= 12 Hours of Brno =

In October 1950 a 12-hour race combined for SportsCars and Saloon Cars was held at the Brno circuit.

The race organizers created an interesting and unique mathematical formula (the so-called power output indicator) to equalize the potential of all cars. The formula was based on a predetermined average speed that differed for cars with various engine capacity, and the corresponding distance expected to be covered by each car over the 12-hour period. The actual distance traveled by a car was then divided by this expected distance to arrive at a quotient, and the results were based on the values of this quotient. Consequently, even cars with the smallest engine size could win the race if they reached sufficient distance, while anybody failing to complete the expected distance was not classified at all. The calculation was further complicated by a provision that any lap completed below the projected average speed was not counted toward the total traveled distance.

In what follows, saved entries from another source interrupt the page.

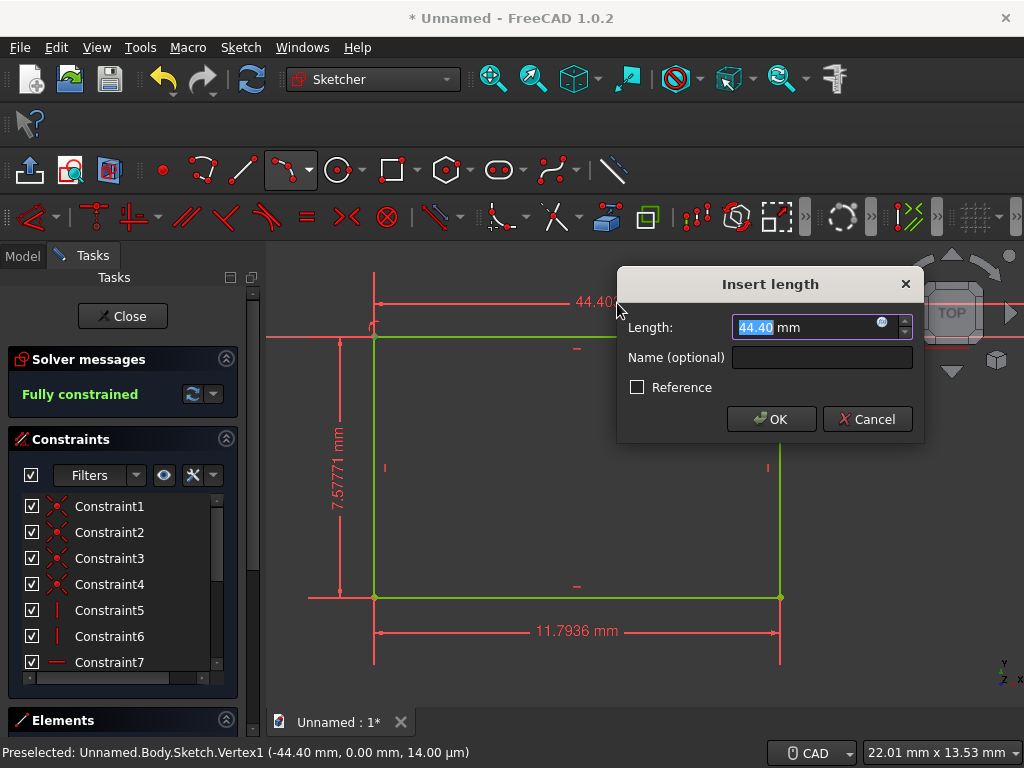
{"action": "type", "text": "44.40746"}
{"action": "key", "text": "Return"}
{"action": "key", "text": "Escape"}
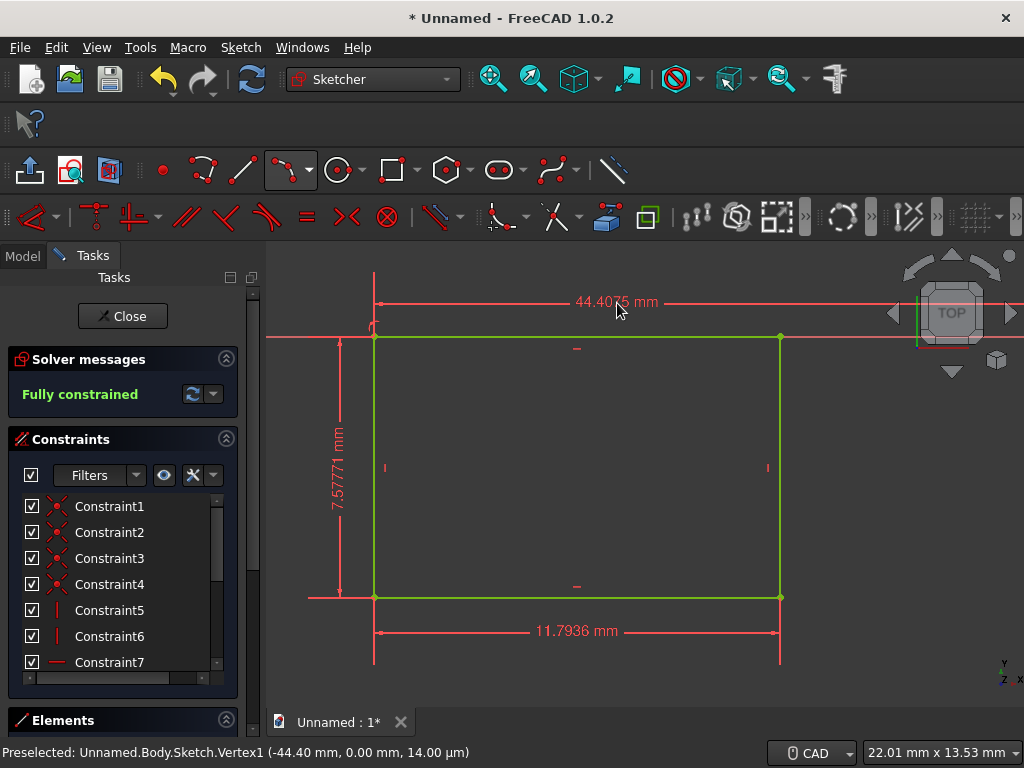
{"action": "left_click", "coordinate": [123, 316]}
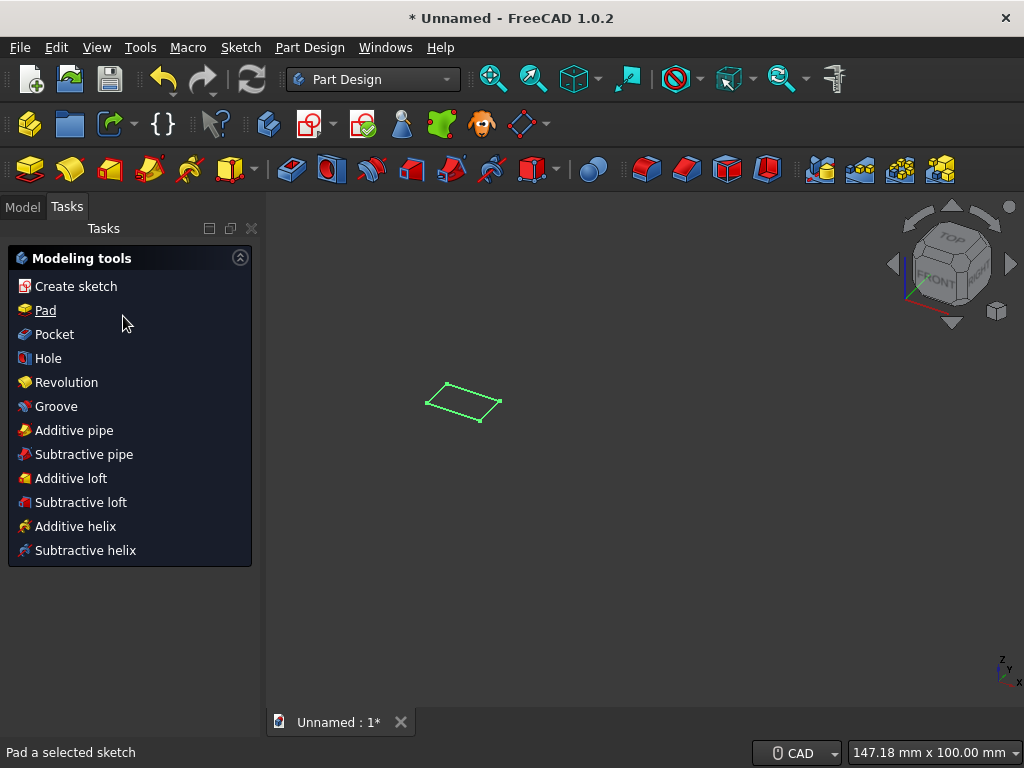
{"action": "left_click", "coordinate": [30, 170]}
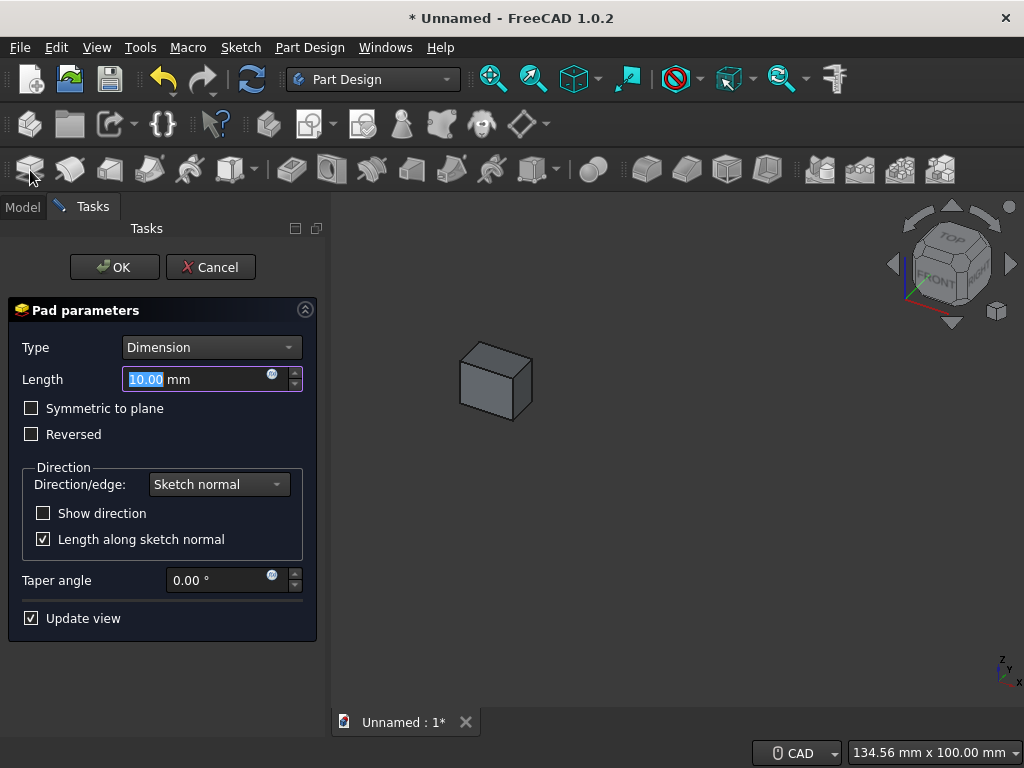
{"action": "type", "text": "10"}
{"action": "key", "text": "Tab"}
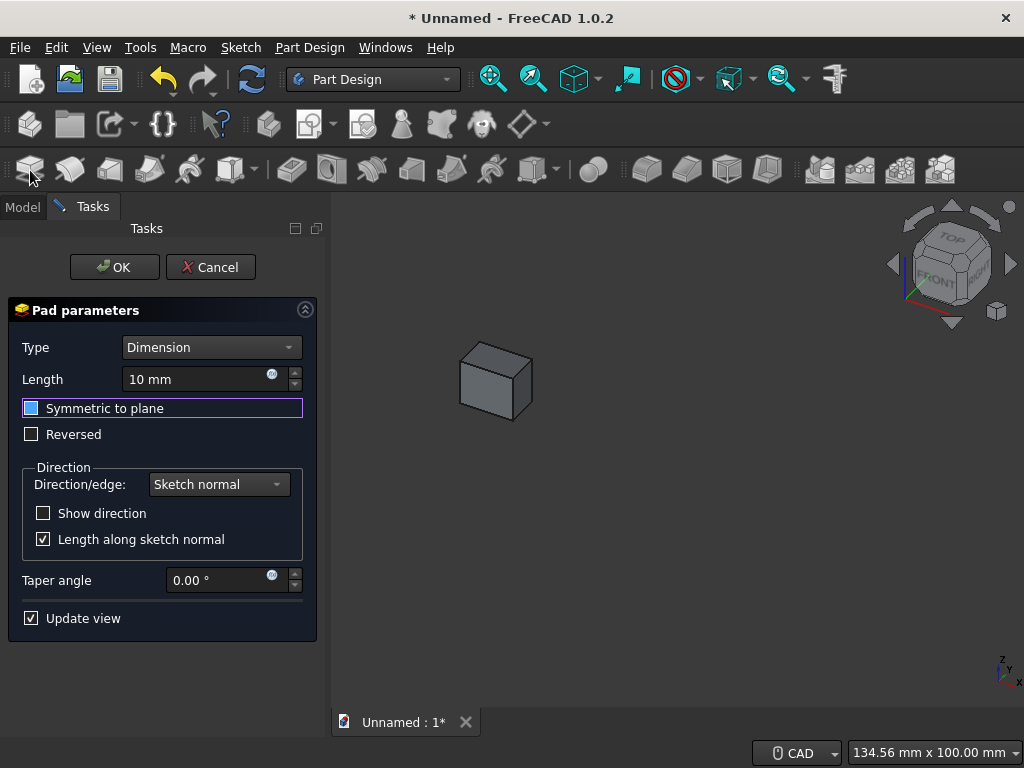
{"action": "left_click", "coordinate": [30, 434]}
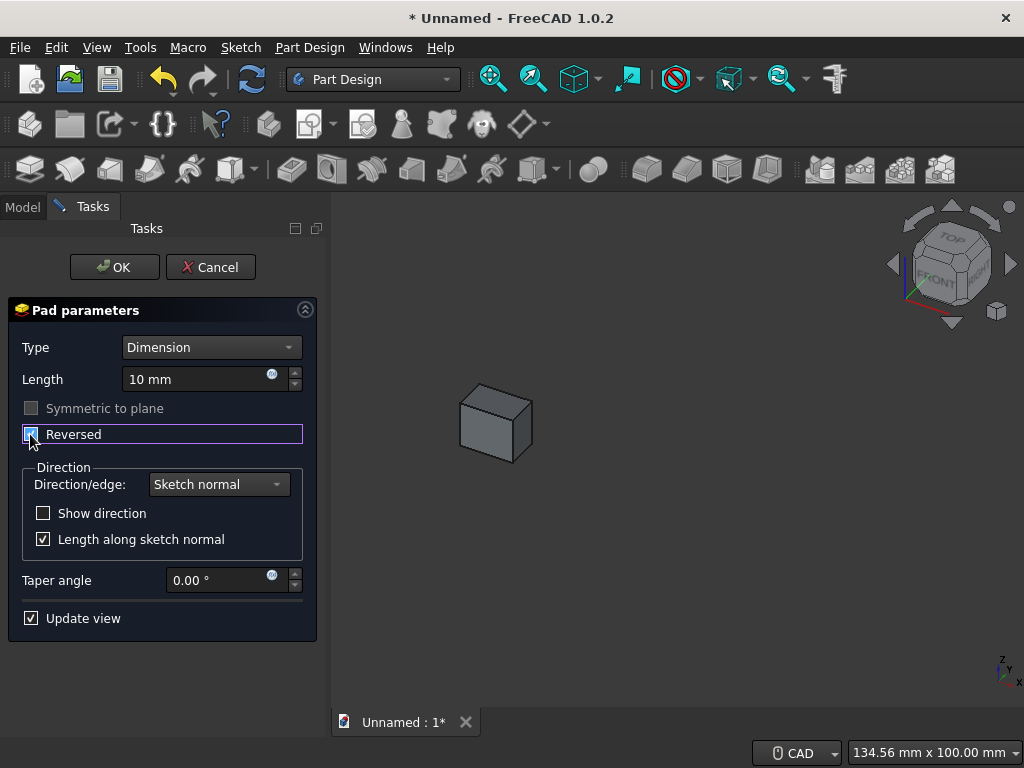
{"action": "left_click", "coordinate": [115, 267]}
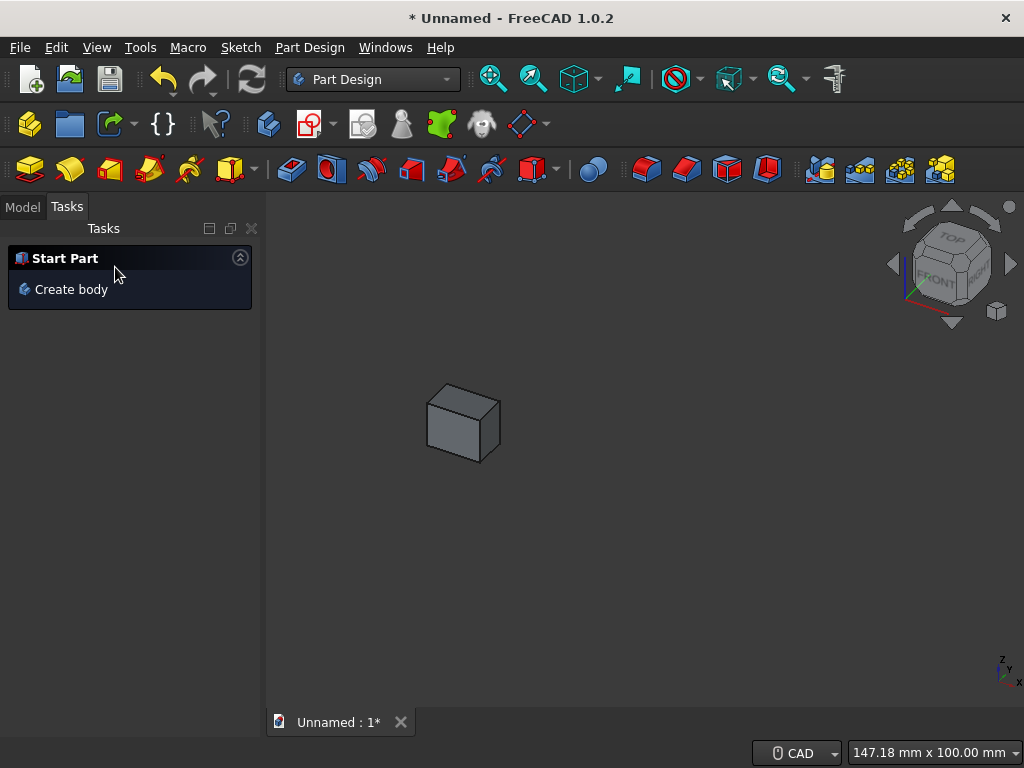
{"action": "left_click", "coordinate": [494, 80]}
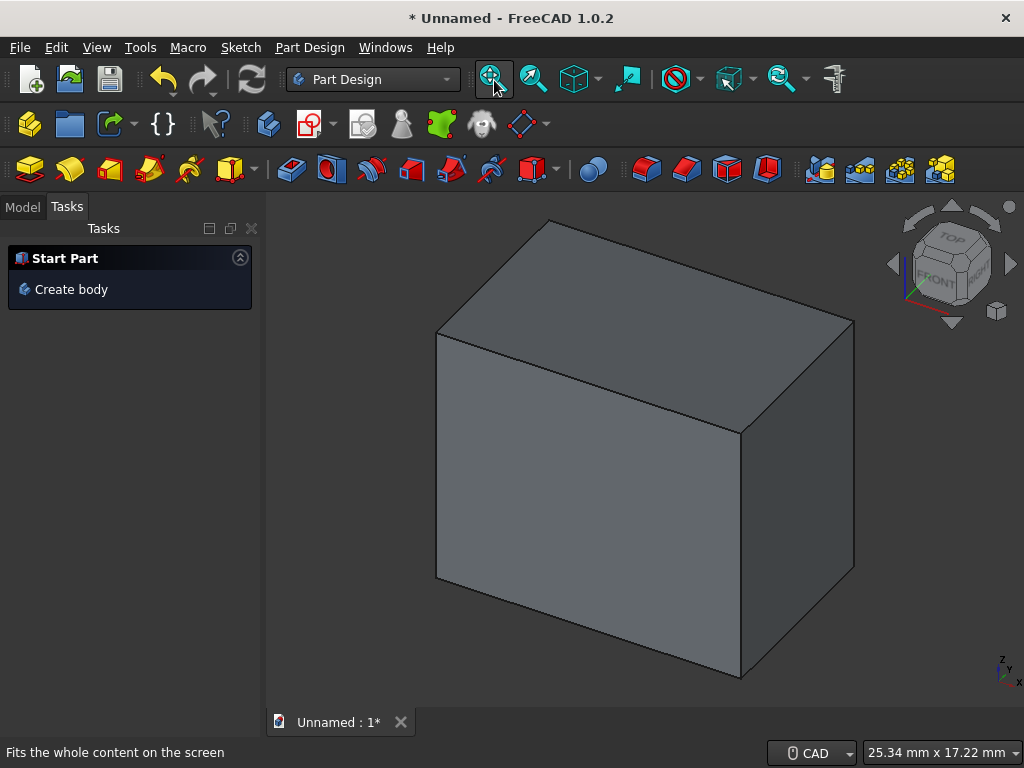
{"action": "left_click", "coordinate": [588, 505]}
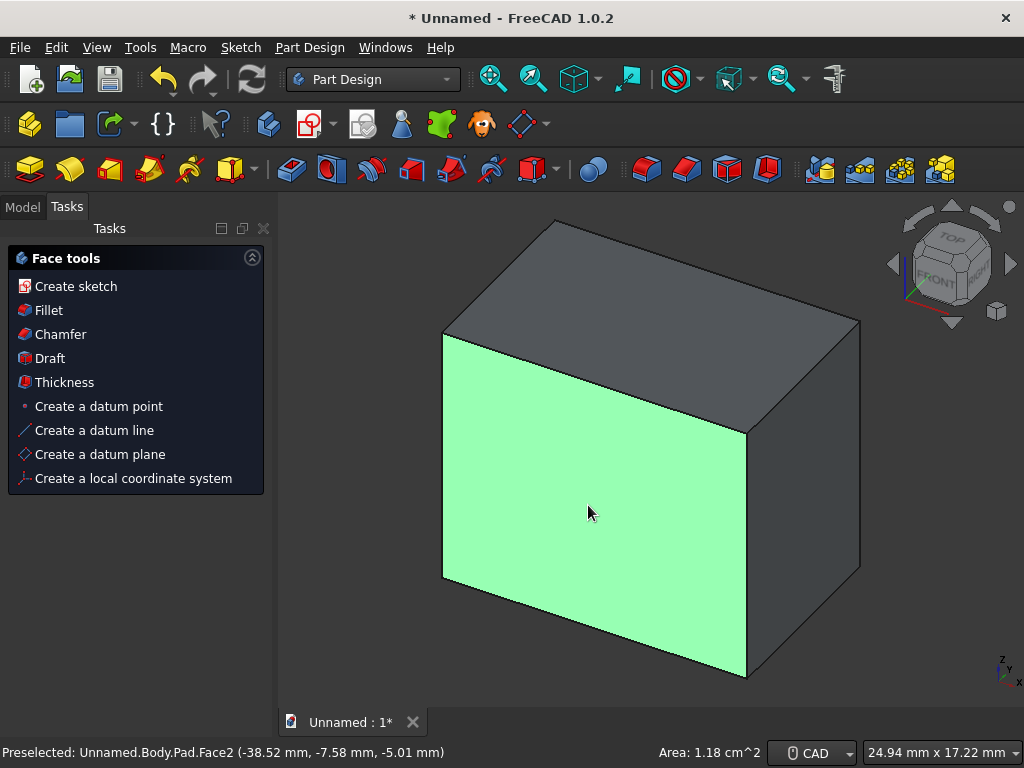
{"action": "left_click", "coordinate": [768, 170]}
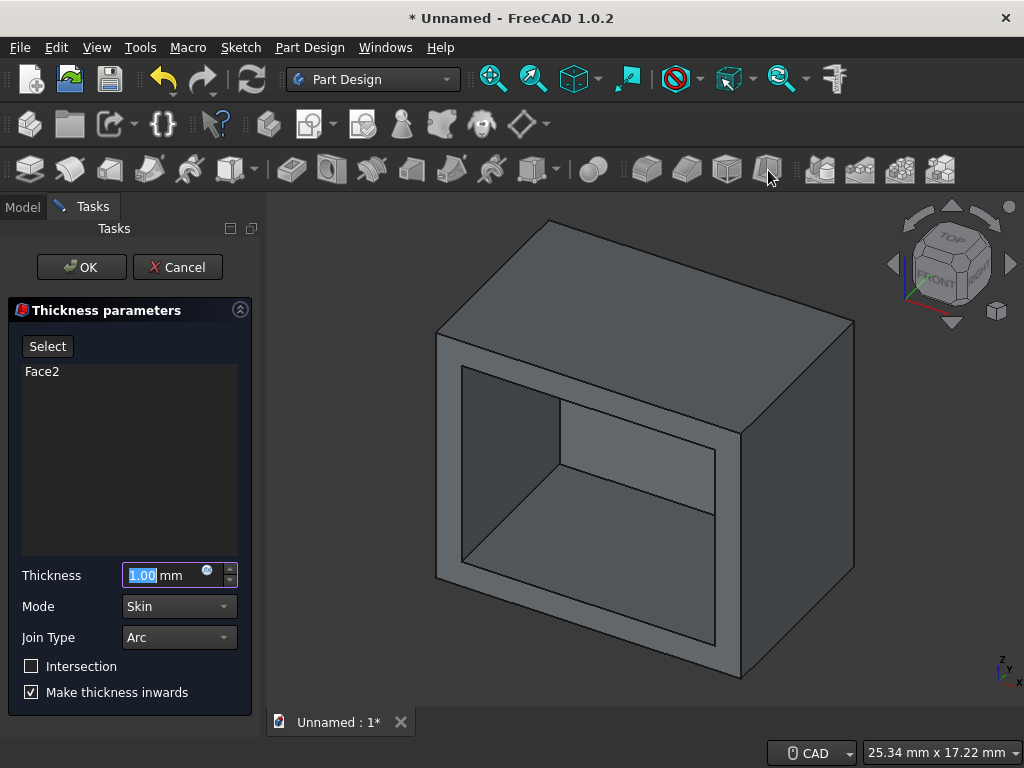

Consequently, the overall winner was Treybal with saloon Bristol, who reached a quotient of 1.268 while travelling 1121.158 km (4th longest distance). The pair Pavelka/Zd. Sojka with Tatraplán Sport covered the longest distance of 1192.933 km but their quotient of 1.098 was good for only 14th place in final classification. The race was seen as a great success, yet initial plans to hold a 24-hour race in the following year and thus establish an endurance racing tradition in Brno were eventually abandoned.

==24H Series==
In 2015 the 24H Series returned to the Brno circuit for a 12-hour race, called the 12H Epilog Brno. It was the last race of the season.